I cant believe I believed a guy that said there was a tilapia x uaru in florida. They are too different.


----------



## Uncle Rico (Sep 4, 2005)

Scott C said:


> Harry,
> Yes Im aware that they woudl be serile in those circumstances. For instance a liger/tigon or a mule. But in those instances i thought the horse/donkey were in the same genus, therefore the rule woudl apply in that case where two diffrent species can repoduce an offspring although it woudl be infertile.


true. a guppie and mollie form a muppie or gollie.

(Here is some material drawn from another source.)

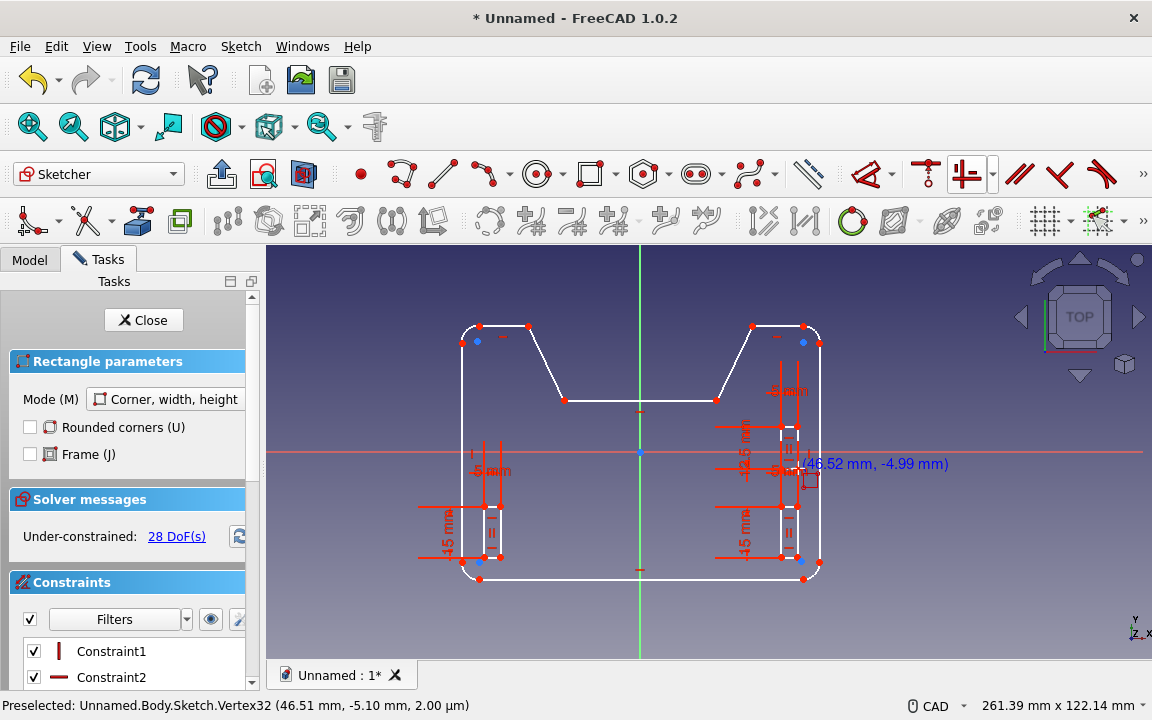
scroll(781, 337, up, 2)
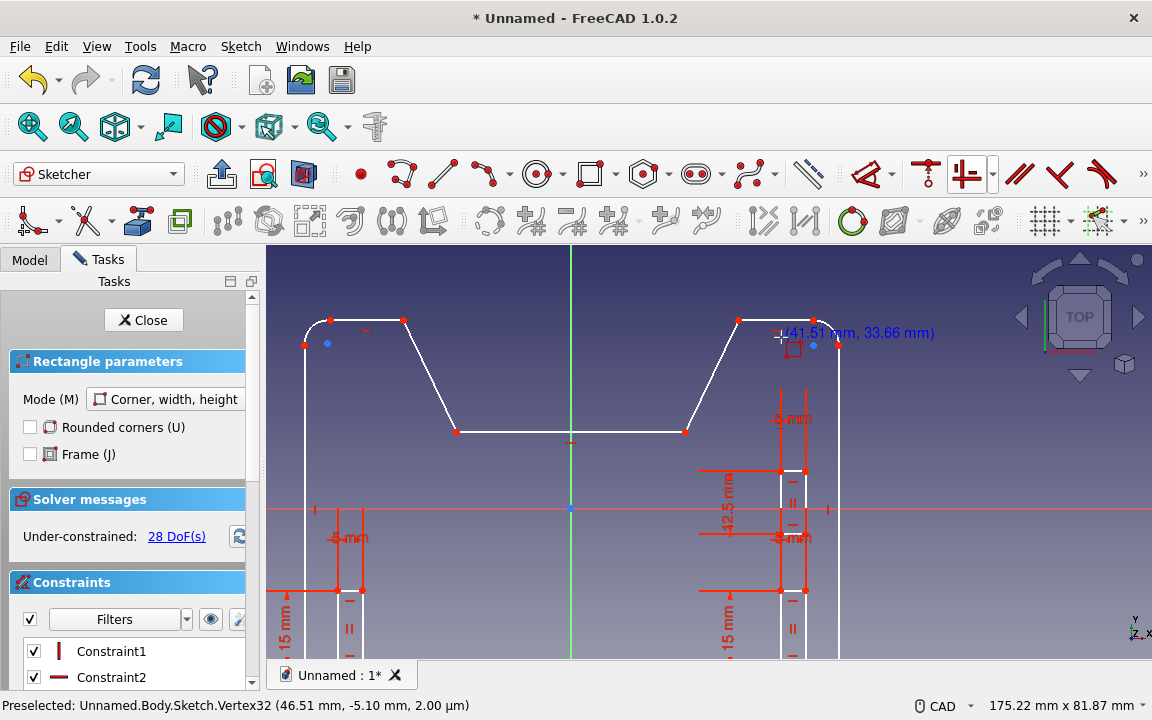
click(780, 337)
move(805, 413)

I cant believe I believed a guy that said there was a tilapia x uaru in florida. They are too different.
[/quote]

Are you serious? Guppies and mollies produce offspring? Anyone else want to confirm this. That is pretty weird.


----------



## aznkon (Apr 27, 2004)

i've heard of it but i've never seen it myself. but i would be quite interested to see some p's crossbred too. i've taken bio before and the truth is that most animals that crossbreed are sterlie. HOWEVER, this is a big however, that is not always the case. as we can see with flowerhorns, blood parrots (yes they can breed), and many other chiclids in the trade. i forgot the reason why animals like mules and ligers/tigons cannot but it has alot to do with the differnece of some strands amnio acids in the sperm and egg. again i do not remember the exact reason but that's from what i can remember.


----------



## The Predator (Sep 28, 2005)

why can flowerhorns or ex: JD x Blood parrot breed but not plain blood parrots? redhead and midas (parrot parents) are both cichlasolmines.


----------



## aznkon (Apr 27, 2004)

the male blood parrot in most cases are sterile. all/most female blood parrots are able to breed. this is as far as i know. breeders are the ones that make the blood parrots sterile. so in most cases a sterile male blood parrot is easily worth double the price of a normal blood parrot. i hope that answers ur question. if not then i guess i read the question incorrectly.


----------



## Slim (Jan 9, 2005)

How did Piranha Hybrid turn into cichlid hybrids?


----------



## aznkon (Apr 27, 2004)

lol it's a side conversation until someone can come in here and answer the questions on piranha hybrids


----------



## boozehound420 (Apr 18, 2005)

rhom x geryi
goldspilo x elong

ahhh we can only dream


----------



## piranhamama (Jul 6, 2005)

I had a platy and a ballon mollie breed once. The only living offsring had the color of a marigold platy with body of a balloon mollie. He was the oddest looking fish.........LOL

Cathy


----------



## Round Head (Sep 26, 2005)

There was a hybrid project here in Enumclaw Washington between a man and a horse. 
The man died before he could spawn the horse's offspring.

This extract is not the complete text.